Largest Data Centers: Worthy Contenders

So who’s missing from our guide to the largest data centers? Our final list is shaped by our methodology. For this list, we’ve considered single-building facilities that are dedicated to data center use. We have not included multi-facility campuses or mixed-use buildings where data center space co-exists with large amounts of third-party office space (i.e. big-city carrier hotels). We also have not included facilities that are not yet open for business. Here are some additional mega-data centers that have been on our radar screen but didn’t make the final list.

Where is Google? Many readers may have expected to see some Google data centers on the list. But Google’s new construction has focused on data center campuses featuring multiple facilities, rather than single huge buildings. As a result, Google has multiple data center buildings larger than 300,000 feet, but none (that we can find, anyway) larger than the 400,000 SF entry point for our list. For more on Google’s data centers, see our Google Data Center FAQ.

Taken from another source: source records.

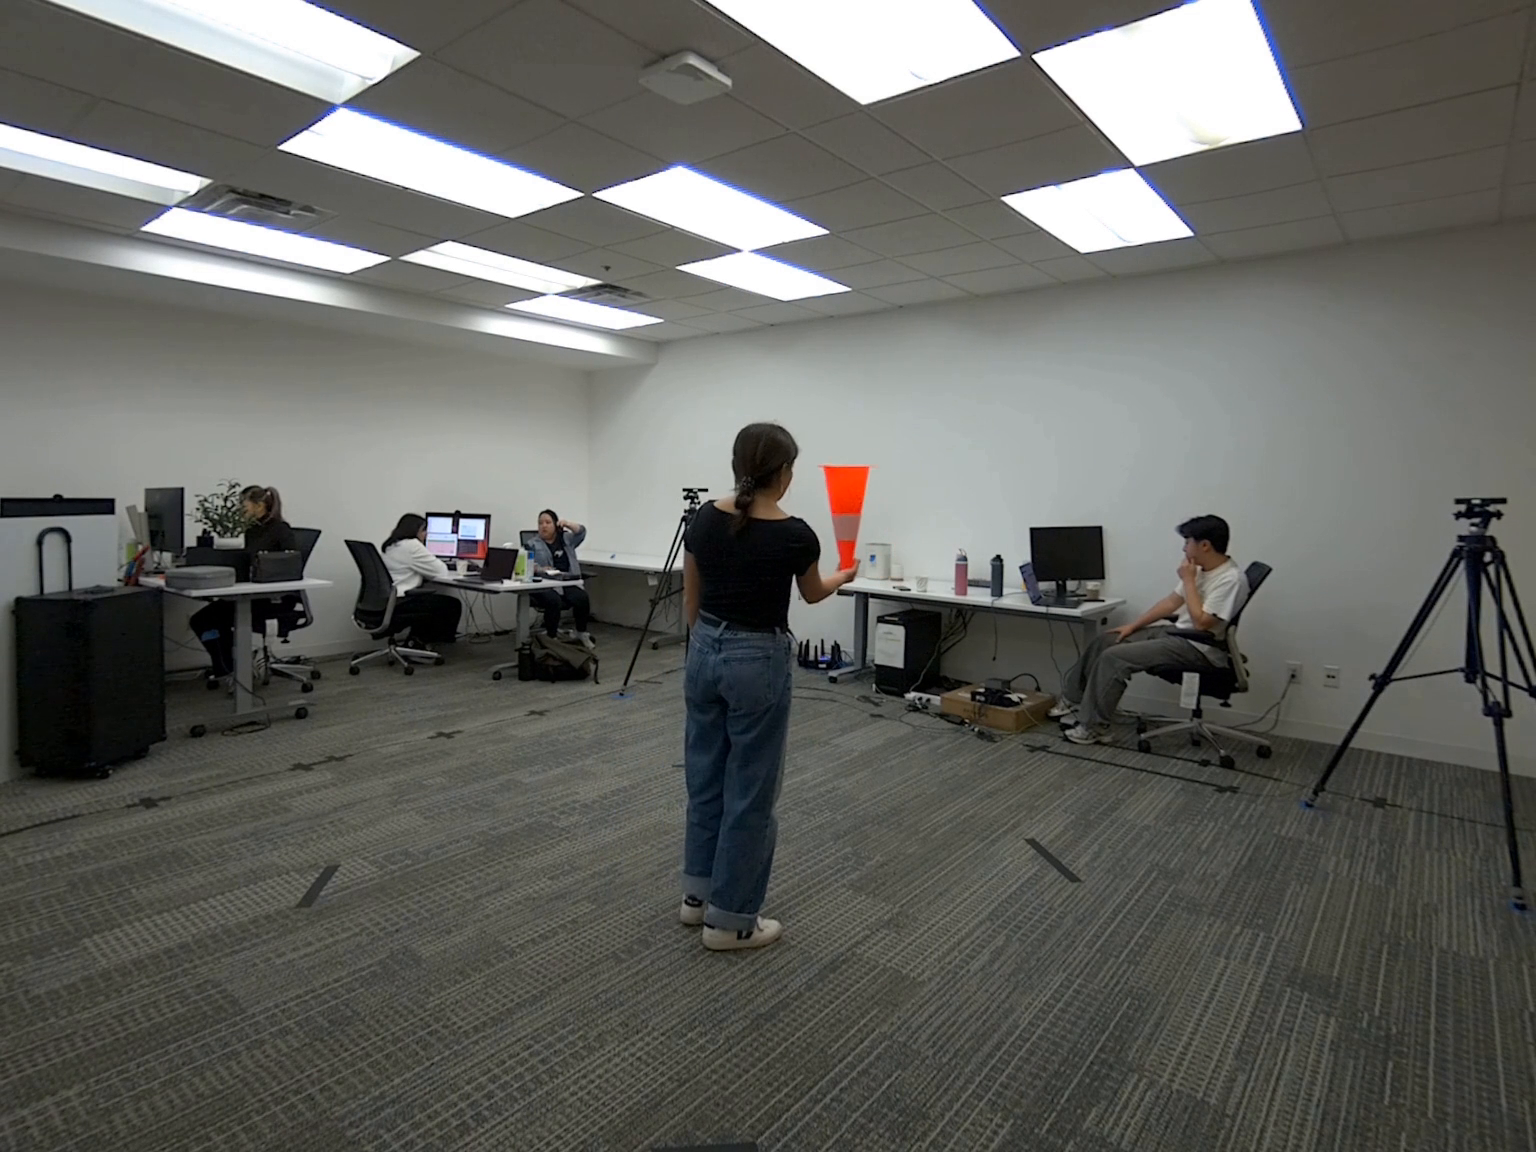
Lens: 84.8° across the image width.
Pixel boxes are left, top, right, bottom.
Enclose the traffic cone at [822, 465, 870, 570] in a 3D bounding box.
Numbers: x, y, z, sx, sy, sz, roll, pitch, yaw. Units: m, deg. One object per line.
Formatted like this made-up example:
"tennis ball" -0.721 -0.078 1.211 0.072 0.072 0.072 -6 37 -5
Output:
"traffic cone" 0.275 -0.203 2.958 0.203 0.382 0.207 0 5 -4
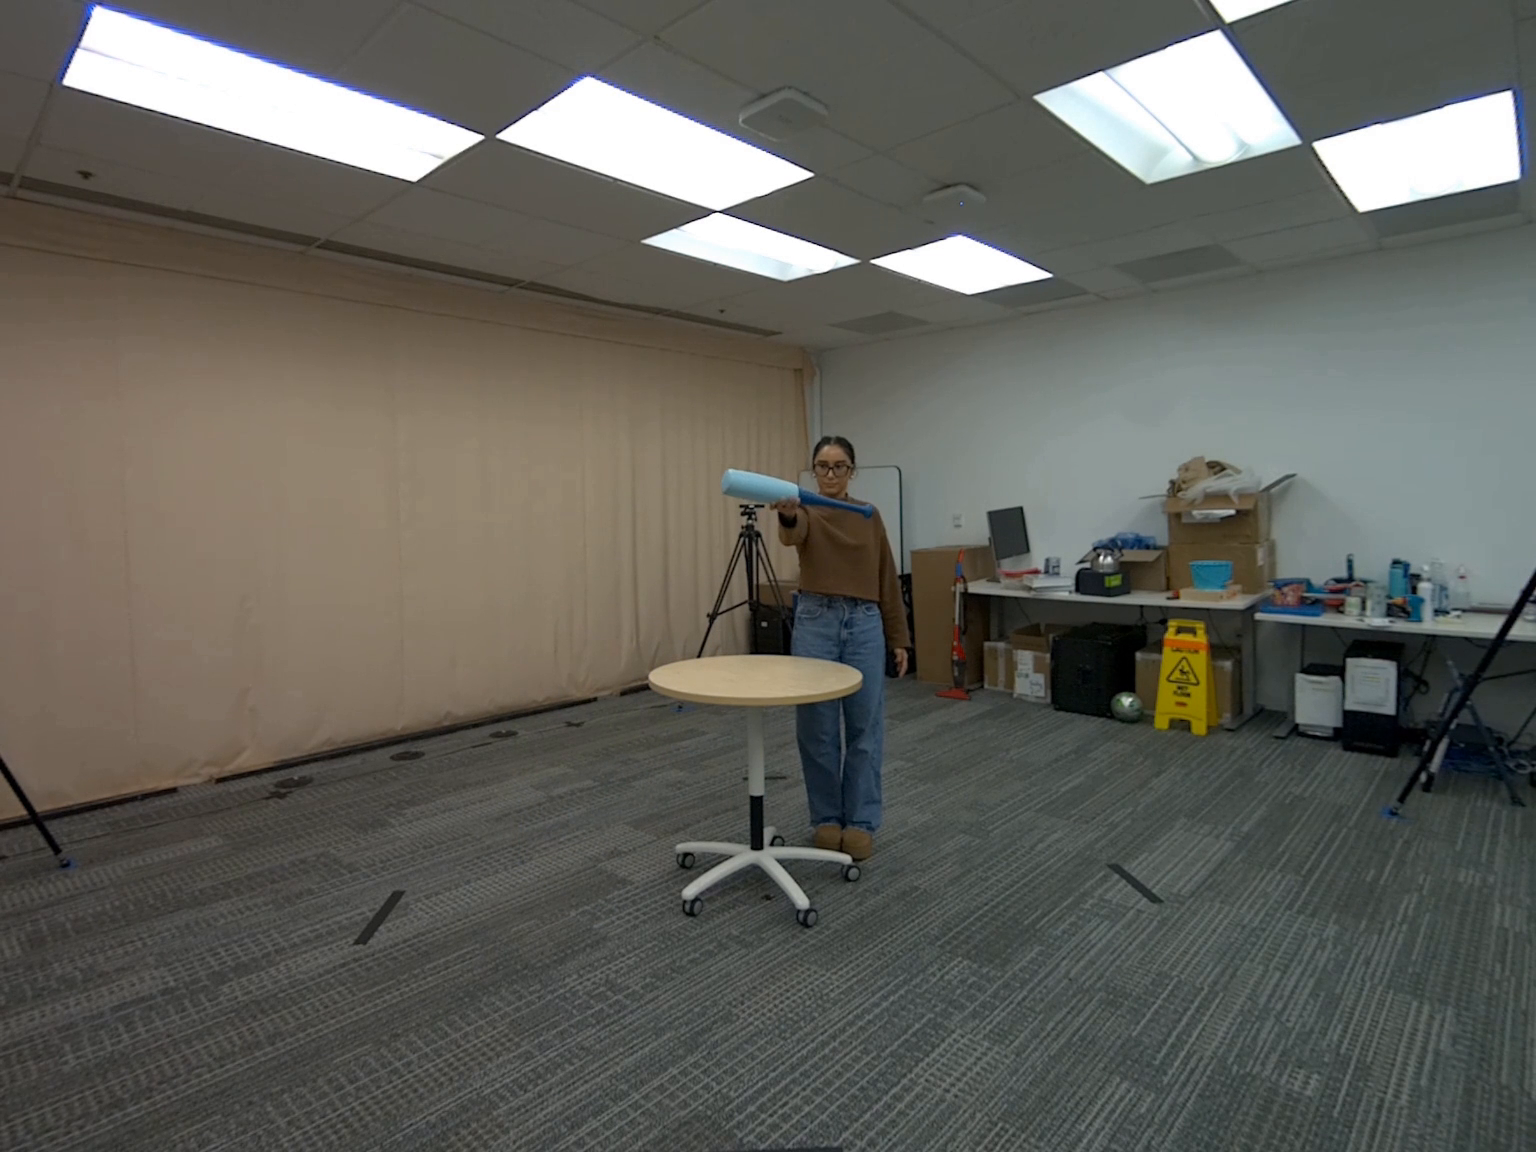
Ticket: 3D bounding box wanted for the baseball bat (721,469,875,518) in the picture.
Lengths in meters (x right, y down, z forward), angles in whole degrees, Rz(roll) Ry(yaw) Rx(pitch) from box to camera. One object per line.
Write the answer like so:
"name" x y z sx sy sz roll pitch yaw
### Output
"baseball bat" 0.107 -0.262 2.783 0.532 0.089 0.091 10 0 -17
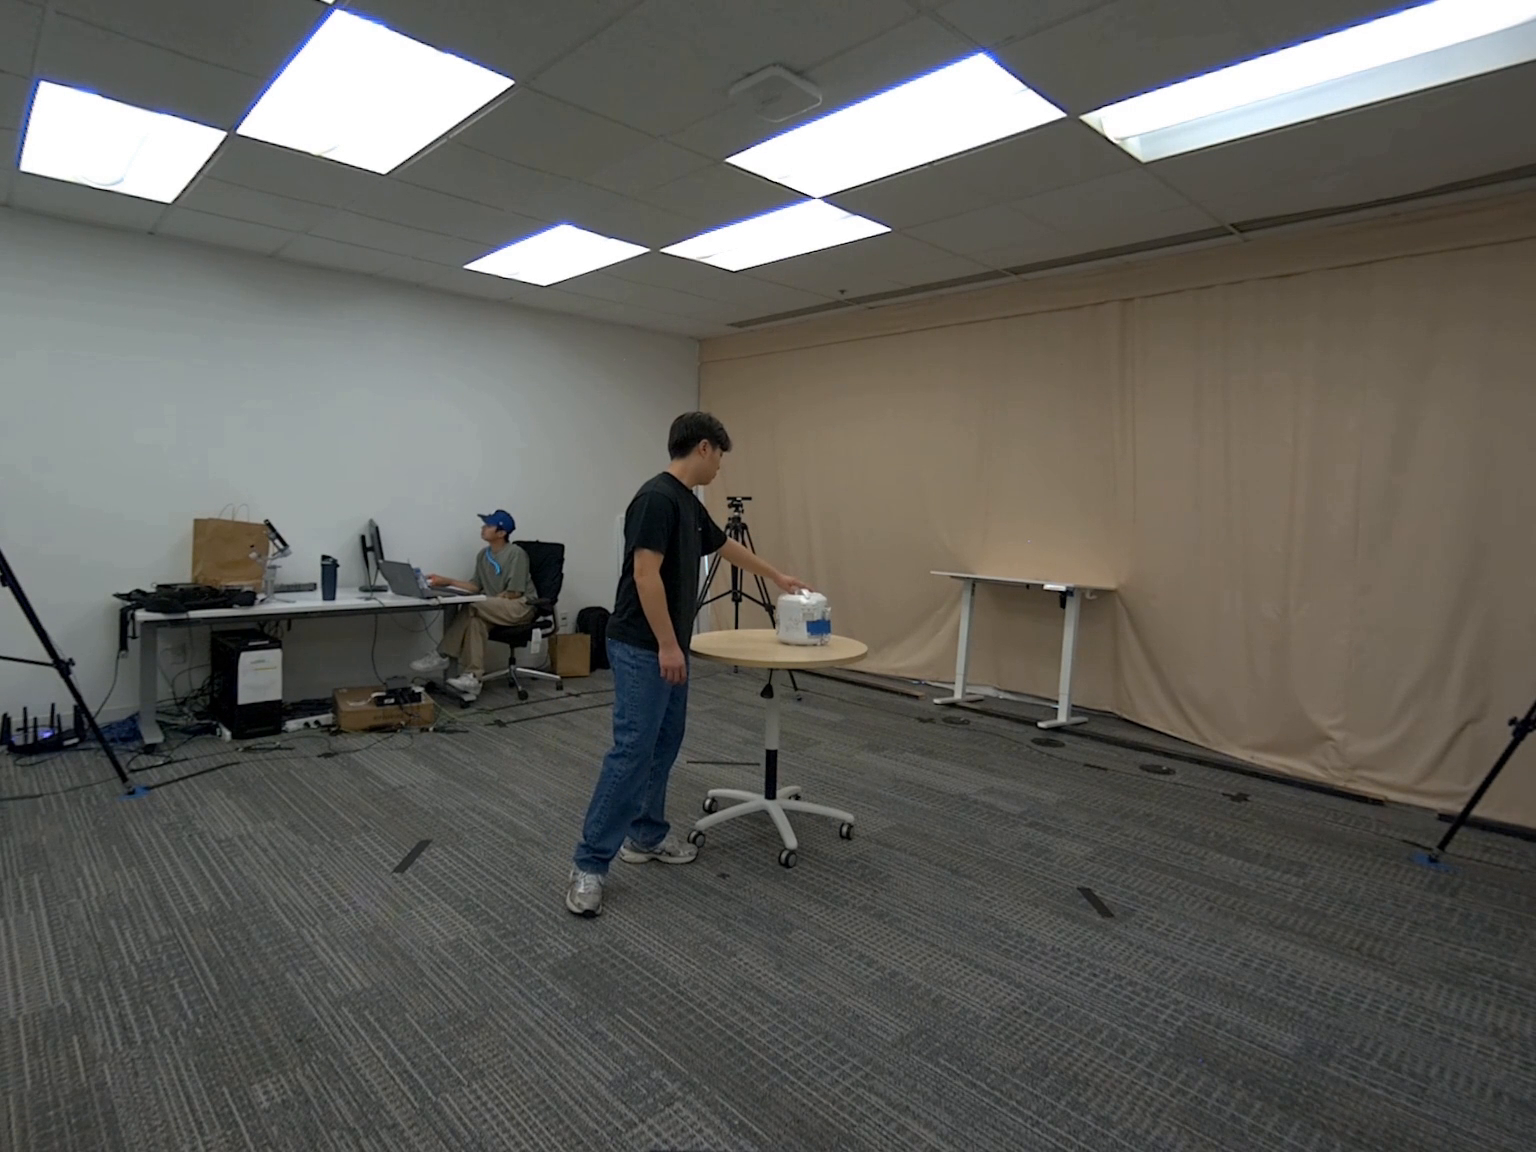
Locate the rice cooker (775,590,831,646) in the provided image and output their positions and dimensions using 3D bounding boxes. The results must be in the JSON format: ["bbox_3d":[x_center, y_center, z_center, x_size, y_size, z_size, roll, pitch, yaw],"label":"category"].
[{"bbox_3d":[0.140,0.165,3.537,0.216,0.232,0.223,0,3,-10],"label":"rice cooker"}]

Where is Apple? There has been intense interest in the 500,000 square foot iDataCenter that Apple is building in Maiden, North Carolina. It is one of several projects that are not included because they aren’t yet operational. Other in-the-works facilities with mega-data center scale include 3000 Skyline Dallas (700,000 square feet) and the NSA’s planned facility in Utah, which will total 1 million square feet (with just 100K SF of data center space).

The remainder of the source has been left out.